In a surprise but carefully planned move, Triple Pundit LLC has acquired News Corporation in a deal backed personally by Warren Buffett. News Corporation, one of the world’s largest media conglomerates, is comprised of Fox News, 20th Century Fox, MySpace, and the recently acquired Wall Street Journal.
According to 3p Founder, Nick Aster, who met the Oracle of Omaha during his most recent backpacking trip through Argentina, “3p got into the business to change everything in business and media. Yet, we hadn’t the slightest idea that we’d be doing it this literally.”
Sources within News Corporation state that the hostile takeover battle was effectively won when Triple Pundit writers and followers stormed the Avenue of the Americas New York Headquarters with Super Soakers, far outmatching the McCain-Palin 2008 stress balls possessed by News Corporation staffers. Triple Pundit engaged in a fierce bidding war for News Corp with the Onion, backed by actor Robin Williams, but Warren Buffett’s financial position and negotiation tactics (Buffett himself carefully planned the Super Soaker-armed takeover) proved insurmountable.
Triple Pundit plans to make drastic changes, detailed below, to the media empire built by Rupert Murdoch, the major shareholder and Chairman of News Corporation. Murdoch did not make himself available for comment, but is rumored to be planning a face-saving comeback on next season’s Dancing with the Stars.

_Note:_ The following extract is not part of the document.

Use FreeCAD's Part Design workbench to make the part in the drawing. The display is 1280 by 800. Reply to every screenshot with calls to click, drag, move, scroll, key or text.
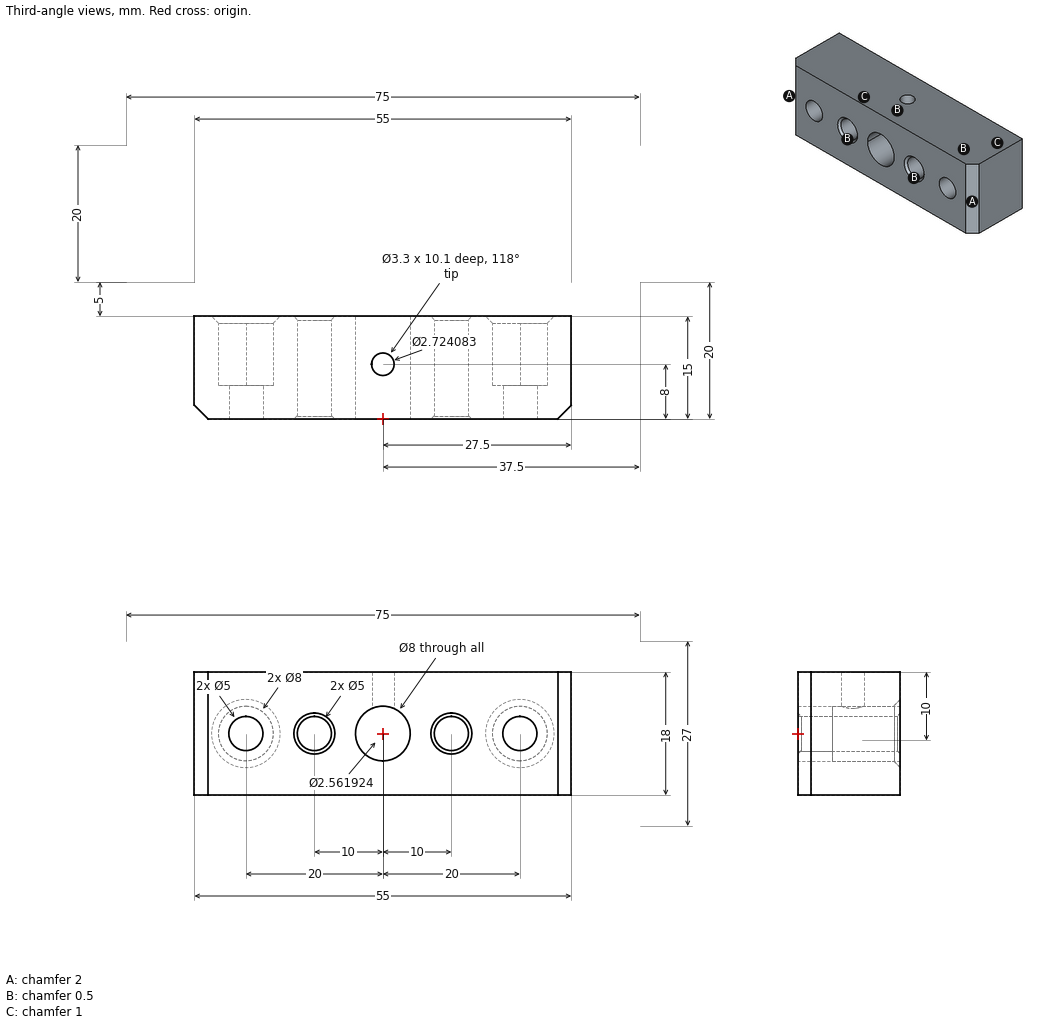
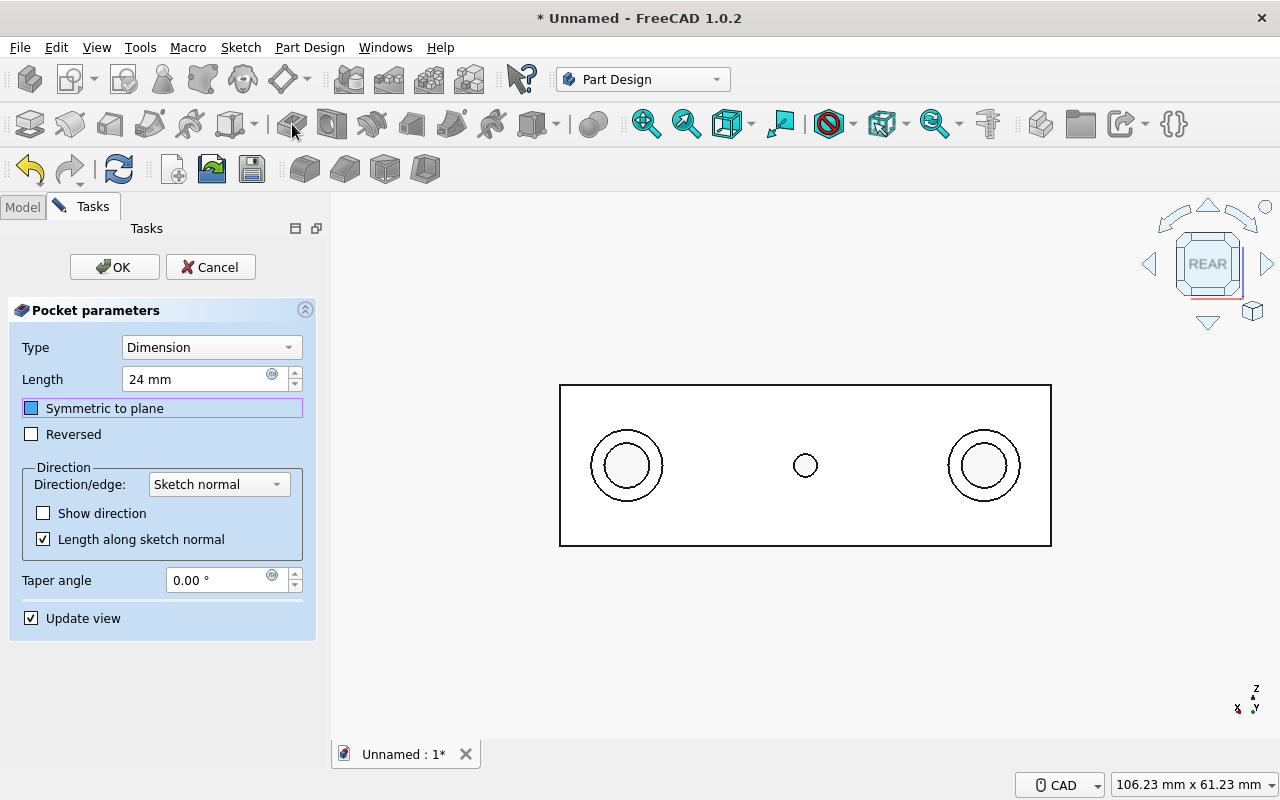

The Future of Fox News, Powered by Digg
Triple Pundit is excited to announce a new format for News Corp subsidiary Fox News, which is often criticized for its conservative bias. Beginning tomorrow, all news will be reported from a dunk tank triggered by the audience via a Digg-powered voting system. Triple Pundit is committing to both preserving newscasters’ jobs and reporting factual news with its new dunk tank format.
The Future of the Wall Street Journal
In response to the recent collapse of the financial markets, as a result of the short sighted, single dimensional focus on financial value creation, the 120 year old Wall Street Journal will be renamed the New WSJ and its scope expanded. Corporate performance will now be measured to include social and environmental impact, and macroeconomic news will no longer singularly focus on GDP, instead covering the Gross National Happiness as its relation, or lack thereof, to the state of the economy.
If the new plans don’t work out, Triple Pundit plans to revert the name of the publication to the Wall Street Journal Classic, just as Coca Cola did in 1985, and to bundle the newspaper with food stamps intended for out of work bankers.
The Future of MySpace, Powered by Musicians, Again
Under its new ownership, MySpace, the popular social networking site that recently gave up in the race to compete with Facebook, will be given back to the artists and porn stars who contributed to its initial growth. MySpace will now sell music using the same approach recently proven by Radiohead, allowing users to pay what they want for music and enabling the successful promotion and sale of concert tickets and merchandise. New Corp’s entire legal staff will be reassigned to assist musicians in dissolving contracts with their labels so they can get back to making music, and money, again. Finally, all “punch the monkey” ringtone and free iPhone ads will be replaced by information on healthy, balanced living to combat the growing epidemics of depression, loneliness, and obesity.